PEEK plastic has excellent electrochemical properties. Even in the high-frequency range, the dielectric index and dielectric loss of 10HZ plastic are very small. Under the PVA environment, the dielectric loss is only 0.02, while the dielectric point constant is only 3.2.

It has excellent chemical stability and can withstand acids and alkalis. Almost any chemical reagent except concentrated sulfuric acid still maintains good stability at high temperatures.

It has excellent hydrolysis resistance and can be used for a long time even in a steam environment at 200-250°C.

In addition, PEEK plastic also has excellent flame retardancy, melt fluidity, thermal stability, corrosion, high strength and easy formability.

PEEK plastic is widely used in the chemical industry, electronic equipment, automobile industry, aerospace and other fields because of its excellent high-temperature resistance, heat resistance, high height and processability.

This material is formally known as polyphenylene sulfide. It is famous for its thermal stability and is widely used in special engineering plastics after filling and modification.

PPS is a special high engineering plastic with excellent properties such as high-temperature resistance, flame retardant, corrosion resistance, weather resistance, dimensional stability, and excellent electrical properties. The transformed PPS is widely used as special engineering plastics, mainly in the fields of electronics and electrical appliances, such as transformer skeletons, high-frequency coil skeletons, plugs, sockets, contactor drum plates, junction frames,  and different kinds of precision parts.

Heat resistance is PPS plastic: the heat distortion temperature exceeds 260℃, which is one of the highest temperatures of thermoplastic engineering plastics. The long-term use temperature is 220-240℃, and the short-term temperature can reach 260℃.

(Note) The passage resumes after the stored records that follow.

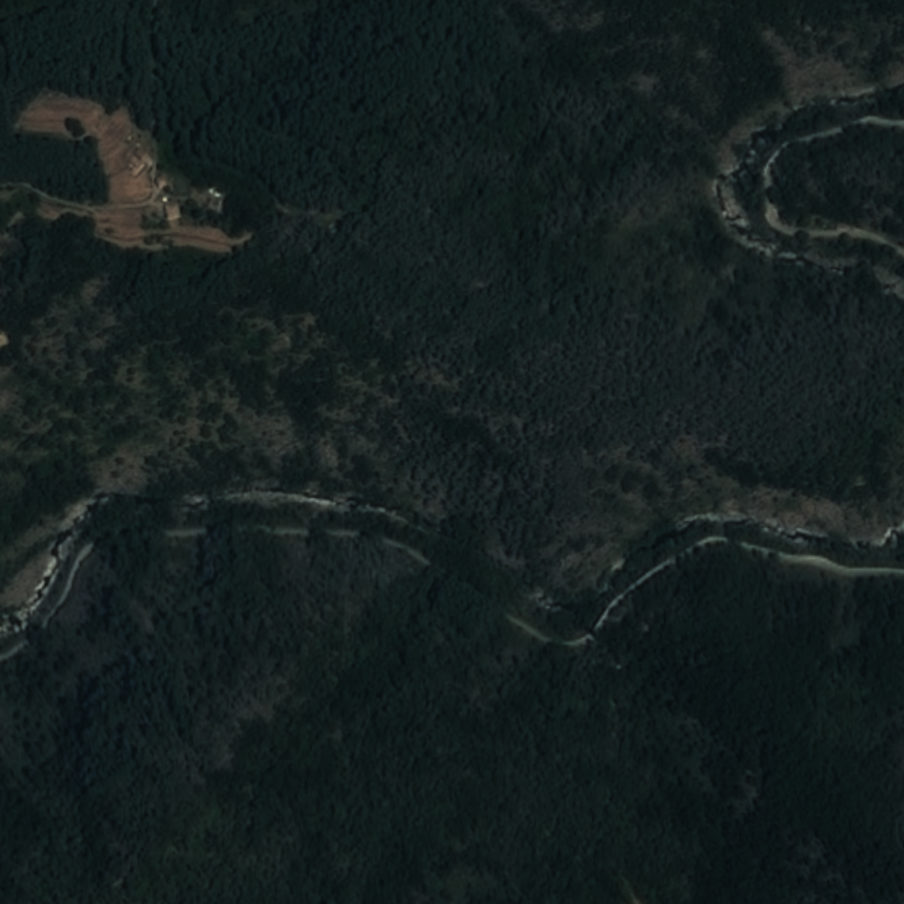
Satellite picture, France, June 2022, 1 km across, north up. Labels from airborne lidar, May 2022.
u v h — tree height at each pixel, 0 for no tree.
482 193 19
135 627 20
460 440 14
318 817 14
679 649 11
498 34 32
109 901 9
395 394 20
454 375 14
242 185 9
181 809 7
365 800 15
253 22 6
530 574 6
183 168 9
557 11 6
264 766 18
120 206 0
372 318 20
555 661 23
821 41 8
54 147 31
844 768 19
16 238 10
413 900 9
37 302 14
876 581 15
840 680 17
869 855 13
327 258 24
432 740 15
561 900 13
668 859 16
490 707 9
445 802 16
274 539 7
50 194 11
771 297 7
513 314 24
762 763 11
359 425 10
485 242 19
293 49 32
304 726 24
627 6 12
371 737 18
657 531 12
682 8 16
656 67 11
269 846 9
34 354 13
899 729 8
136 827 9
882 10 17
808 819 19
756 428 26
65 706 16
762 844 18
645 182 7
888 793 10
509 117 33
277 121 26
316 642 9
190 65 25
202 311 13
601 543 9
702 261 7
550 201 18
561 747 22
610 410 23
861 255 7
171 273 31
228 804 17
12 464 10
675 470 18
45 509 10
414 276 23
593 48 14
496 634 21
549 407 24
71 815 19
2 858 16
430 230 19
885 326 17
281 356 11
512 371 16
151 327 16
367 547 20
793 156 7
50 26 32
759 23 7
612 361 22
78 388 8
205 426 8
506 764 21
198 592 7
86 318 9
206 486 10
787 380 23
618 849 18
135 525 16
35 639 19
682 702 11
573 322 19
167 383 12
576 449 21
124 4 32
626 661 21
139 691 19
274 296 14
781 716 23
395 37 37
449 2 39
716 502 7
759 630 21
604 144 21
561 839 18
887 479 11
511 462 16
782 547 13
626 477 6
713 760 13
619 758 10
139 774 13
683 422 27
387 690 22
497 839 17
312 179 28
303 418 9
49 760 11
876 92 8
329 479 10
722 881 23
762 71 14
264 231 21
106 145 0
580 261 15
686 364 19
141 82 32
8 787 9
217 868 11
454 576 20
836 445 13
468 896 12
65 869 19
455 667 20
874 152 11
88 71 31
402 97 29
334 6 29
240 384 13
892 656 19
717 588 14
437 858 16
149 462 12
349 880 13
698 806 23
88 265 11
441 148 19
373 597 7
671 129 8
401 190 22
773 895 14
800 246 16
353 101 29
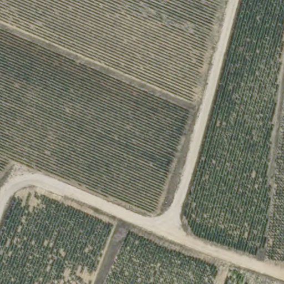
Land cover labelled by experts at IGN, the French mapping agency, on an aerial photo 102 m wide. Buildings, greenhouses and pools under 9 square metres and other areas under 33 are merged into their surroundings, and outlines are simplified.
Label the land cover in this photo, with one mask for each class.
<instances>
[{"label":"vineyard","instance_id":"1","mask_svg":"<svg viewBox=\"0 0 284 284\"><path fill-rule=\"evenodd\" d=\"M229 0H0V190L12 172L13 166L9 162L12 160L35 172L78 187L81 191L103 197L106 202L135 214L161 216L171 206L177 187L181 183L191 136L204 99ZM181 226L187 235L226 246L229 250L253 255L257 261L263 262L270 258L272 261L284 262V0H240L201 148L182 205ZM0 284H284V280L166 239L73 197L62 195L59 201L50 199L39 194L35 185L22 186L13 192L0 221Z\"/></svg>","mask_w":284,"mask_h":284},{"label":"pervious surface","instance_id":"2","mask_svg":"<svg viewBox=\"0 0 284 284\"><path fill-rule=\"evenodd\" d=\"M240 0H229L204 99L191 136L181 183L177 187L171 206L161 216L135 214L106 202L103 197L81 191L78 187L35 172L12 160L9 162L13 166L12 172L0 190V221L13 192L22 186L35 185L39 194L50 199L59 201L62 195L73 197L166 239L284 280V262L272 261L270 258L263 262L257 261L253 255L229 250L226 246L187 235L181 226L182 205L201 148Z\"/></svg>","mask_w":284,"mask_h":284}]
</instances>
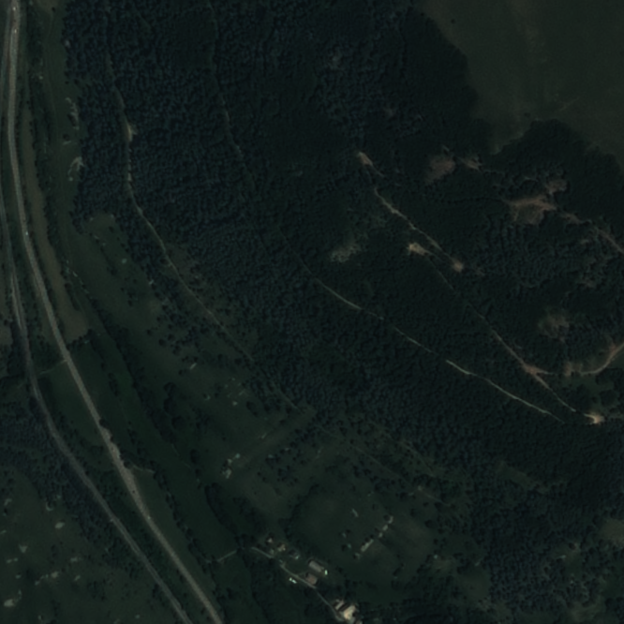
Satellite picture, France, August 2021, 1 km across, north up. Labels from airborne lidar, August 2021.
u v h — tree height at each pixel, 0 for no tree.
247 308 29
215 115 16
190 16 23
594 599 11
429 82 20
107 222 0
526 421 16
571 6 0
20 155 10
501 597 15
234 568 0
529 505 32
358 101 21
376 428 12
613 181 12
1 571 0
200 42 21
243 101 20
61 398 0
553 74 0
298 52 19
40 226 0
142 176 11
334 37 17
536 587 7
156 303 0
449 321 19
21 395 0
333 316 18
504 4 0
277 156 20
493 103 0
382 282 16
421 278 16
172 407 20
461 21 0
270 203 19
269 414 16
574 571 0
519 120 0
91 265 0
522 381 19
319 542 0
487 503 21
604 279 27
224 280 31
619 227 22
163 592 11
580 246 19
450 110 18
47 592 0
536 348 19
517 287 26
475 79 0
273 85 20
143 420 0
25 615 0
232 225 25
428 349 10
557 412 19
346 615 0
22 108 8
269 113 20
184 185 18
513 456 25
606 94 0
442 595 15
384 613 10
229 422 0
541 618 0
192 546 9
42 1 0
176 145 17
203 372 0
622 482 21
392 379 21
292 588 6
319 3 22
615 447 23
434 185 10
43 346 11
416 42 18
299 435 16
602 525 20
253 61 20
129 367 12
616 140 0
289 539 14
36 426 13
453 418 20
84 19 7
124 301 0
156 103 11
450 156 16
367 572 0
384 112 18
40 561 0
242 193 9
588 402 14
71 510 14
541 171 21
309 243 20
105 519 19
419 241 11
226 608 17
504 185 22
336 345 37
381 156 17
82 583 0
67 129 0
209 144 17
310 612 16
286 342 8
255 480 0
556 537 14
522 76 0
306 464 8
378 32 8
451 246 18
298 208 21
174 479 0
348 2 20
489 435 23
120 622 0
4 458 14
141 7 22
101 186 17
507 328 16
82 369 0
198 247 27
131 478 0
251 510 13
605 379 18
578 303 23
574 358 23
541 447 22
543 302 21
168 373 0
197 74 19
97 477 15
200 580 0
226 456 0
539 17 0
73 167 0
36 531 0
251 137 8
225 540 0
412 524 0
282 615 0
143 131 17
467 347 18
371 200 11
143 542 15
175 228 19
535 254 24
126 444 0
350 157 19
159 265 15
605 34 0
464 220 21
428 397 16
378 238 15
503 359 20
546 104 0
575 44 0
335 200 19
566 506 23
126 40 12
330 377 9
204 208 29
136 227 14
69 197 0
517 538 13
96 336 19
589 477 16
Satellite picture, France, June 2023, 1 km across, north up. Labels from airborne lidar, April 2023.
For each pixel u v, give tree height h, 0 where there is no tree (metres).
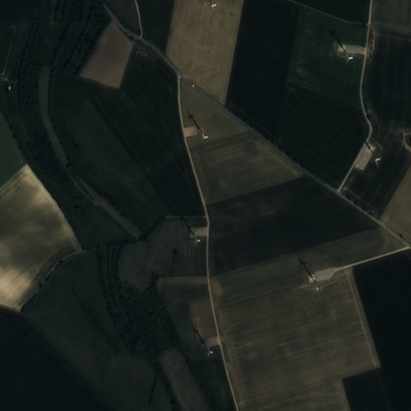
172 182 0
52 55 0
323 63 0
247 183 0
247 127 0
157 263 0
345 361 0
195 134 0
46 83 0
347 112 0
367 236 0
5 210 0
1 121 0
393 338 0
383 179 0
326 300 0
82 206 7
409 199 0
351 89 0
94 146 0
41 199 0
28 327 0
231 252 0
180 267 0
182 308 0
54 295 0
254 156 0
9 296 0
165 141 0
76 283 0
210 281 0
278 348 0
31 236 0
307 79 0
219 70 0
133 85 0
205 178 0
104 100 0
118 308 10
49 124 0
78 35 0
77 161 0
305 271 0
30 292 0
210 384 0
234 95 0
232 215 0
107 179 0
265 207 0
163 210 0
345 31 0
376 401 0
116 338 0
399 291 0
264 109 0
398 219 0
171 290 0
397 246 0
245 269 0
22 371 0
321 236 0
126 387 0
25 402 0
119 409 0
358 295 0
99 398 0
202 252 0
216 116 0
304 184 0
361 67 0
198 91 0
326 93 0
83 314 0
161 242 0
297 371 0
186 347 0
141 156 0
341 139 0
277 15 0
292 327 0
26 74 14
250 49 0
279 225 0
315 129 0
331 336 0
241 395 0
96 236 0
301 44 0
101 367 0
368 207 0
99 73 0
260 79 0
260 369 0
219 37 0
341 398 0
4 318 0
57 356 0
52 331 0
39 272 0
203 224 0
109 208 0
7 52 0
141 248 0
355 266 0
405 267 0
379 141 0
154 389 6
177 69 0
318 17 0
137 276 0
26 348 0
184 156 0
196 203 0
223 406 0
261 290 0
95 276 0
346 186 0
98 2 14
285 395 0
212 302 0
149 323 6
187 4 0
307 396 0
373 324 0
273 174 0
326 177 0
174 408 5
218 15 0
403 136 0
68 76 0
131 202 0
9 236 0
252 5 0
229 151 0
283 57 0
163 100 0
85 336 0
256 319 0
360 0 0
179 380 0
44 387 0
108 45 0
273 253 0
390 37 0
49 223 0
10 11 0
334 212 0
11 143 0
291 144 0
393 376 0
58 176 8
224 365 0
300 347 0
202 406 0
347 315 0
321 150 0
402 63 0
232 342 0
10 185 0
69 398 0
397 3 0
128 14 0
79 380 0
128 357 0
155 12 0
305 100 0
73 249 0
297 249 0
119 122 0
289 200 0
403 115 0
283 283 0
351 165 0
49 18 0
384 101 0
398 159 0
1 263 0
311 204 0
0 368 0
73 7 8
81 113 0
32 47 7
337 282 0
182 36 0
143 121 0
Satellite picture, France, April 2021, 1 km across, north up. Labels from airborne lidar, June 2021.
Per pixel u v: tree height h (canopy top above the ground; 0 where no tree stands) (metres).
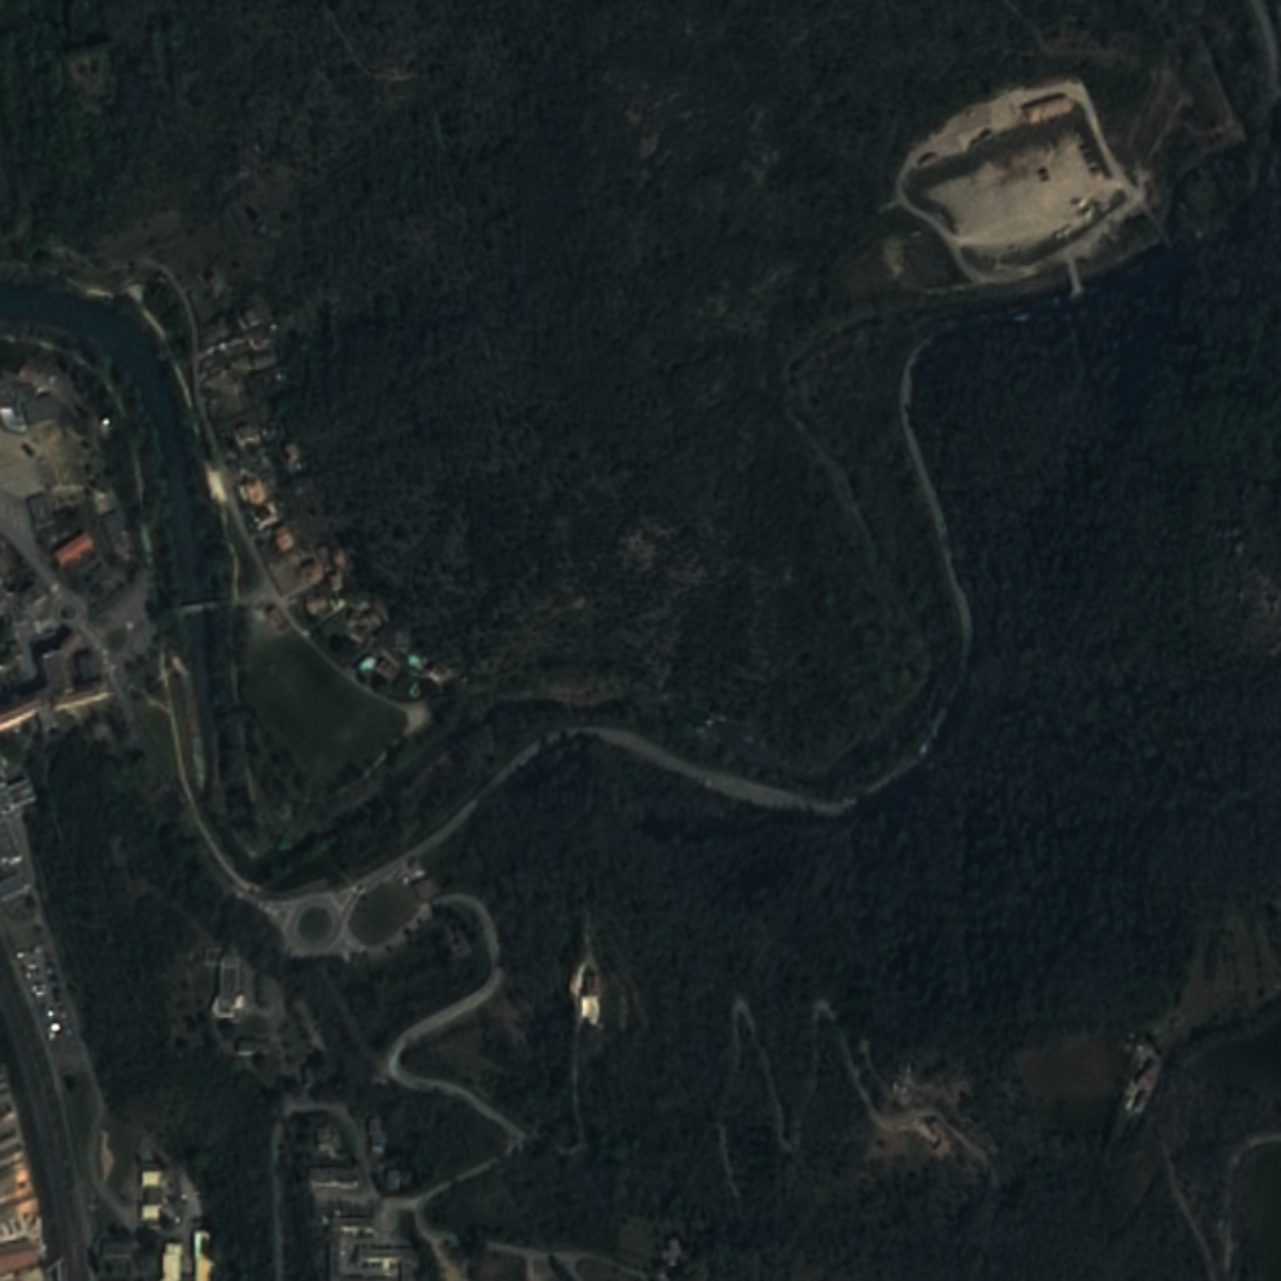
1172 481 13
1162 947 9
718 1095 11
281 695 0
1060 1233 10
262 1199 9
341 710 0
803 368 11
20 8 13
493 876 11
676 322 6
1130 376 10
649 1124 12
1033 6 13
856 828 12
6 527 0
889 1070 9
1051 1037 10
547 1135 13
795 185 15
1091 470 11
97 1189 0
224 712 13
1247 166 25
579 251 10
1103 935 11
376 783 12
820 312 20
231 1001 0
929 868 13
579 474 6
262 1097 6
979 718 15
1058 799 10
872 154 17
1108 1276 10
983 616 8
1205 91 13
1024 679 18
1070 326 10
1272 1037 0
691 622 9
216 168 10
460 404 10
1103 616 6
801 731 23
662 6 8
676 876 6
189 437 16
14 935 0
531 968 13
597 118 7
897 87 15
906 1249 9
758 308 7
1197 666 10
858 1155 8
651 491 6
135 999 8
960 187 0
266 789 11
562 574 6
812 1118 11
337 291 10
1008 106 0
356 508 8
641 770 8
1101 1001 11
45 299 0
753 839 19
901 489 10
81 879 8
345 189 8
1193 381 13
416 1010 6
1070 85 0
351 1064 14
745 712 11
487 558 8
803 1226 17
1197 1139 10
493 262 6
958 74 11
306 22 6
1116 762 14
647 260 8
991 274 0
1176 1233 11
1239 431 15
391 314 11
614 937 12
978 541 8
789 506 8
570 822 12
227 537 16
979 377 11
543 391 6
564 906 7
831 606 10
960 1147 8
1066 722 24
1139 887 13
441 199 7
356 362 12
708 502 10
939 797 10
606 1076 15
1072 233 10
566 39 7
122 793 12
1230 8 14
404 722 0
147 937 9
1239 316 20
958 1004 11
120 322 0
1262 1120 12
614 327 7
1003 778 10
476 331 8
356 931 0
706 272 6
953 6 14
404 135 8
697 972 11
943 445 13
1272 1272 0
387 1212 0
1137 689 20
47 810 12
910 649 16
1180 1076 14
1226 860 13
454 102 6
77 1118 0
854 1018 10
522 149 7
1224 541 6
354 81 9
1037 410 11
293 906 0
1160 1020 14
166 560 13
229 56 9
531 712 17
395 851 6
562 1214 11
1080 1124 0
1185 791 15
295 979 9
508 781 6
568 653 6
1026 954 7
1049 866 10
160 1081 11
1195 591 10
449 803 11
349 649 12
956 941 9
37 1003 0
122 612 0
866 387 12
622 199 8
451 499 8
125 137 11
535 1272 0
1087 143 6
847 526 9
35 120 9
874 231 16
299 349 12
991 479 12
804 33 16
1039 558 11
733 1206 10
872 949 21
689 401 7
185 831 23
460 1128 11

Inorganic acids, alkalis, and salts do not dissolve PPS plastic below 200°C. At present, no solvent can dissolve PPS below this temperature.

When exposed to high temperatures, high humidity, and high frequency, PPS plastic exhibits high surface resistivity, low breakdown voltage, low dielectric constant, and dielectric loss tangent, making it an excellent insulation material. After modification, it can also be made into a high-strength material with good electrical conductivity.

PPS plastic mechanical properties: strong rigidity, high surface hardness, excellent creep resistance and good fatigue resistance.

Injection conditions: The material is dried at 130-150°C for 3 hours, the barrel temperature is 280-330°C, 40%GF+PPS 300mm, 350°C, the mold temperature is 120-180°C, the injection pressure is 50-130V MPA, and the injection speed is medium.